X = df.drop("Rent", axis = 1)
We also have to divide the dataset in a certain ratio to create some data for training on
which model trains itself and some data for testing which the model uses to evaluate itself.
And to do that we’ll use the train_test_split method provided with the scikit learn Python
library.
X_train,X_test,y_train,y_test=train_test_split( X,y, train_size = 0.6, random_state = 1)
Using the above code we have split the dataset int o 60 percent of training data and 40
percent of testing data. Now you can create the Linear Regression model by just creating an
instance of the Linear Regression class.
lr = LinearRegression()
Now, let’s train the model using the training and testing data.
lr.fit(X_train,y_train)
With the completion of this step, we have successfully built our first ever simple machine
learning model in python.
Model evaluation
It’s time to look at the performance of our first ever machine learning model. Aren’t you
excited? Let’s decode the results using the following code.
lr.score(X_test, y_test)
We can conclude that our model has an accuracy of 41.52% which is not very promising but
a good start towards building an accurate machine learning model in python.
Model prediction
Now let’s use our model in a real world scenario. We are going to find out if our model is
able to predict the first row of training data and the Rent present in it. To do that we need
to create a new data frame with following code to contain only the first row of training data
which we are going to predict.
df_new = X_train[:1]
Now let’s see if our model can predict the Rent of our new data frame.
lr.predict(df_new)
Let’s compare it with the actual value using the code below
y_train[:1]
As you can see we are pretty close with our prediction although it’s not accurate. Moving
forward we can build upon this knowledge and create more accurate models using other ML
algorithms that would work best in this case like the Random Forest algorithm.
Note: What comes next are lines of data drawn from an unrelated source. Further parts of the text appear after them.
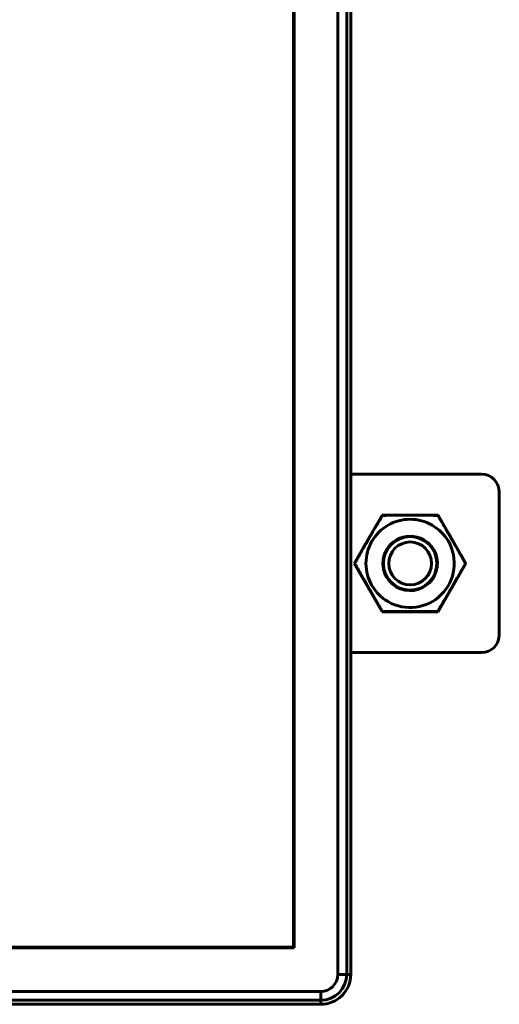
# Model space of a CAD drawing. Header units: millimetres. Extents: x -60 to 67, y -65 to 46.
# Tile 11 of 12: x 40 to 67, y -65 to -10. Entities that reach past the tile are written whole.
import ezdxf

# ---------------------------------------------------------------- set-up
doc = ezdxf.new("R2010")
doc.units = ezdxf.units.MM
doc.linetypes.add('K5LT32769', pattern=[0])
doc.linetypes.add('K5LT_BASIC', pattern=[0])

msp = doc.modelspace()

# ---------------------------------------------------------------- linework, layer by layer
at = {"color": 150, "linetype": 'K5LT32769', "lineweight": 60, "true_color": 0x0080ff}
for p, q in [((57.544, -63.144), (57.544, 43.926)), ((57.544, -63.144), (57.544, 43.926)), ((58.042, 43.926), (58.042, -63.144)), ((58.042, 43.926), (58.042, -63.144)), ((58.269, -63.144), (58.269, 43.926)), ((55.098, -61.65), (55.098, 42.432)), ((65.596, -35.097), (58.269, -35.097)), ((66.596, -36.097), (66.596, -44.097)), ((58.468, -40.097), (60.032, -37.388)), ((60.032, -37.388), (63.16, -37.388)), ((63.16, -37.388), (64.724, -40.097)), ((60.032, -42.806), (58.468, -40.097)), ((64.724, -40.097), (63.16, -42.806)), ((63.16, -42.806), (60.032, -42.806)), ((65.596, -45.097), (58.269, -45.097)), ((-48.984, -61.65), (55.098, -61.65)), ((57.544, -63.144), (58.042, -63.144)), ((57.544, -63.144), (58.042, -63.144)), ((58.042, -63.144), (58.269, -63.144)), ((58.042, -63.144), (58.269, -63.144)), ((-50.478, -64.097), (56.592, -64.097)), ((-50.478, -64.097), (56.592, -64.097)), ((56.592, -64.594), (-50.478, -64.594)), ((56.592, -64.594), (-50.478, -64.594)), ((56.592, -64.097), (56.592, -64.594)), ((56.592, -64.097), (56.592, -64.594)), ((56.592, -64.821), (56.592, -64.594)), ((56.592, -64.821), (56.592, -64.594)), ((-50.478, -64.821), (56.592, -64.821))]:
    msp.add_line(p, q, dxfattribs=at)
at = {"color": 150, "linetype": 'K5LT_BASIC', "lineweight": 60, "true_color": 0x0080ff}
for p, q in [((55.057, -61.609), (55.057, 42.391)), ((58.487, -40.097), (58.468, -40.097)), ((-48.943, -61.609), (55.057, -61.609))]:
    msp.add_line(p, q, dxfattribs=at)
at = {"color": 150, "linetype": 'K5LT32769', "lineweight": 60, "true_color": 0x0080ff}
for radius in [1.5, 1.2]:
    msp.add_circle((61.596, -40.097), radius, dxfattribs=at)
for centre, radius, start, end in [((65.596, -36.097), 1, 0, 90), ((61.596, -40.097), 2.475, 120, 240), ((61.596, -40.097), 2.475, 120, 240), ((61.596, -40.097), 2.475, 60, 120), ((61.596, -40.097), 2.475, 60, 120), ((61.596, -40.097), 2.475, 30, 60), ((61.596, -40.097), 2.475, 30, 60), ((61.596, -40.097), 1.529, 60, 120), ((61.596, -40.097), 1.529, 120, 240), ((61.596, -40.097), 2.475, 240, 30), ((61.596, -40.097), 2.475, 240, 30), ((61.596, -40.097), 1.529, 30, 60), ((61.596, -40.097), 1.529, 240, 30), ((65.596, -44.097), 1, 270, 0), ((56.592, -63.144), 0.952, 270, 0), ((56.592, -63.144), 1.449, 270, 0), ((56.592, -63.144), 0.952, 270, 0), ((56.592, -63.144), 1.449, 270, 0), ((56.592, -63.144), 1.677, 270, 0)]:
    msp.add_arc(centre, radius, start, end, dxfattribs=at)
for points, knots in [([(60.041, -37.404), (60.02, -37.44), (59.984, -37.502), (59.932, -37.591), (59.869, -37.698), (59.805, -37.805), (59.742, -37.913), (59.688, -38.005), (59.628, -38.108), (59.562, -38.221), (59.495, -38.336), (59.437, -38.436), (59.388, -38.52), (59.333, -38.614), (59.279, -38.708), (59.225, -38.801), (59.185, -38.871), (59.144, -38.941), (59.105, -39.01), (59.066, -39.078), (59.028, -39.145), (58.99, -39.212), (58.885, -39.394), (58.775, -39.588), (58.659, -39.792), (58.602, -39.894), (58.544, -39.995), (58.506, -40.063), (58.487, -40.097)], [0, 0, 0, 0, 0.04046, 0.070805, 0.10115, 0.161841, 0.192186, 0.222531, 0.264723, 0.306916, 0.349108, 0.3913, 0.417041, 0.442782, 0.494265, 0.520006, 0.545747, 0.571488, 0.597229, 0.621764, 0.646299, 0.670834, 0.695369, 0.847684, 0.885763, 0.923842, 0.961921, 1, 1, 1, 1]), ([(63.151, -37.404), (63.13, -37.404), (63.089, -37.404), (63.017, -37.403), (62.934, -37.402), (62.81, -37.401), (62.685, -37.4), (62.56, -37.399), (62.454, -37.399), (62.334, -37.398), (62.203, -37.397), (62.092, -37.397), (62.004, -37.396), (61.933, -37.396), (61.857, -37.396), (61.776, -37.396), (61.695, -37.396), (61.614, -37.396), (61.533, -37.396), (61.452, -37.396), (61.371, -37.396), (61.291, -37.396), (61.213, -37.396), (61.136, -37.397), (61.059, -37.397), (60.968, -37.397), (60.864, -37.398), (60.705, -37.399), (60.548, -37.4), (60.391, -37.401), (60.275, -37.402), (60.158, -37.403), (60.08, -37.404), (60.041, -37.404)], [0, 0, 0, 0, 0.02023, 0.04046, 0.070805, 0.10115, 0.161841, 0.192186, 0.222531, 0.264723, 0.306916, 0.349108, 0.370204, 0.3913, 0.417041, 0.442782, 0.468524, 0.494265, 0.520006, 0.545747, 0.571488, 0.597229, 0.621764, 0.646299, 0.670834, 0.695369, 0.733448, 0.771527, 0.847684, 0.885763, 0.923842, 0.961921, 1, 1, 1, 1]), ([(63.935, -38.746), (63.922, -38.724), (63.896, -38.678), (63.856, -38.61), (63.817, -38.542), (63.778, -38.474), (63.738, -38.406), (63.699, -38.339), (63.659, -38.271), (63.554, -38.091), (63.443, -37.901), (63.326, -37.701), (63.267, -37.602), (63.209, -37.503), (63.17, -37.437), (63.151, -37.404)], [0, 0, 0, 0, 0.05, 0.1, 0.15, 0.2, 0.25, 0.3, 0.35, 0.4, 0.7, 0.775, 0.85, 0.925, 1, 1, 1, 1]), ([(64.705, -40.097), (64.702, -40.092), (64.696, -40.08), (64.683, -40.058), (64.66, -40.017), (64.628, -39.96), (64.588, -39.89), (64.536, -39.798), (64.47, -39.682), (64.398, -39.554), (64.341, -39.455), (64.301, -39.384), (64.27, -39.331), (64.24, -39.278), (64.199, -39.206), (64.153, -39.125), (64.1, -39.033), (64.036, -38.921), (63.981, -38.825), (63.942, -38.758), (63.935, -38.746)], [0, 0, 0, 0, 0.011835, 0.024894, 0.051012, 0.103248, 0.155178, 0.207107, 0.310661, 0.414215, 0.492615, 0.531816, 0.571016, 0.610217, 0.649417, 0.727818, 0.789651, 0.851485, 0.975153, 1, 1, 1, 1]), ([(58.487, -40.097), (58.507, -40.132), (58.541, -40.193), (58.59, -40.28), (58.65, -40.384), (58.724, -40.516), (58.806, -40.66), (58.882, -40.792), (58.949, -40.911), (59.006, -41.011), (59.052, -41.09), (59.088, -41.154), (59.126, -41.22), (59.18, -41.314), (59.234, -41.408), (59.288, -41.501), (59.329, -41.572), (59.369, -41.642), (59.409, -41.711), (59.449, -41.778), (59.488, -41.845), (59.526, -41.912), (59.572, -41.99), (59.625, -42.08), (59.705, -42.217), (59.784, -42.352), (59.864, -42.488), (59.923, -42.588), (59.982, -42.689), (60.022, -42.756), (60.041, -42.79)], [0, 0, 0, 0, 0.039173, 0.068553, 0.097932, 0.156691, 0.215451, 0.259359, 0.303267, 0.347175, 0.369129, 0.391083, 0.416828, 0.442573, 0.494063, 0.519807, 0.545552, 0.571297, 0.597042, 0.621627, 0.646212, 0.670798, 0.695383, 0.73346, 0.771537, 0.847691, 0.885769, 0.923846, 0.961923, 1, 1, 1, 1]), ([(63.151, -42.79), (63.172, -42.754), (63.208, -42.692), (63.261, -42.603), (63.323, -42.496), (63.387, -42.388), (63.45, -42.28), (63.504, -42.188), (63.564, -42.086), (63.63, -41.972), (63.697, -41.858), (63.755, -41.758), (63.804, -41.673), (63.859, -41.58), (63.913, -41.486), (63.967, -41.393), (64.007, -41.322), (64.048, -41.252), (64.087, -41.183), (64.126, -41.115), (64.164, -41.049), (64.203, -40.982), (64.307, -40.8), (64.417, -40.606), (64.533, -40.401), (64.59, -40.3), (64.648, -40.198), (64.686, -40.131), (64.705, -40.097)], [0, 0, 0, 0, 0.04046, 0.070805, 0.10115, 0.161841, 0.192186, 0.222531, 0.264723, 0.306916, 0.349108, 0.3913, 0.417041, 0.442782, 0.494265, 0.520006, 0.545747, 0.571488, 0.597229, 0.621764, 0.646299, 0.670834, 0.695369, 0.847684, 0.885763, 0.923842, 0.961921, 1, 1, 1, 1]), ([(60.041, -42.79), (60.093, -42.79), (60.195, -42.791), (60.348, -42.792), (60.502, -42.793), (60.656, -42.794), (60.811, -42.795), (61.016, -42.796), (61.198, -42.797), (61.355, -42.798), (61.436, -42.798), (61.516, -42.798), (61.597, -42.798), (61.677, -42.798), (61.758, -42.798), (61.839, -42.798), (61.919, -42.797), (61.998, -42.797), (62.078, -42.797), (62.157, -42.796), (62.235, -42.796), (62.31, -42.796), (62.384, -42.795), (62.458, -42.795), (62.559, -42.794), (62.687, -42.793), (62.842, -42.792), (62.971, -42.791), (63.073, -42.79), (63.125, -42.79), (63.151, -42.79)], [0, 0, 0, 0, 0.05, 0.1, 0.15, 0.2, 0.249496, 0.298991, 0.397982, 0.423555, 0.449128, 0.4747, 0.500273, 0.525845, 0.551418, 0.576991, 0.602563, 0.627879, 0.653195, 0.678511, 0.703827, 0.727554, 0.751282, 0.775009, 0.798737, 0.849053, 0.899368, 0.949684, 0.974842, 1, 1, 1, 1])]:
    msp.add_open_spline(points, degree=3, knots=knots, dxfattribs=at)

doc.saveas('drawing.dxf')

Role of online learning platforms
Implementing simple machine learning models in python is easy as we did above but to
build real world accurate models that can make human lives better, we have to gain
sophisticated knowledge of Machine Learning. This is where Great Learning’s Machine
Learning comes in. If you want to have a thorough knowledge of how machine learning
algorithms work and how real life accurate models are built, this course is for you. You can
opt in for the free version called Basics of Machine Learning and then built upon that
knowledge with their paid course called PGP in Machine Learning.
In summary
We implemented a simple machine learning model in python from scratch and learnt a lot
about how machine learning works and how models are built. Machine learning is a great
field to build your career in. And with the right guidance, you can become an ML Engineer
and work towards a brighter future when humans and AI thrive together.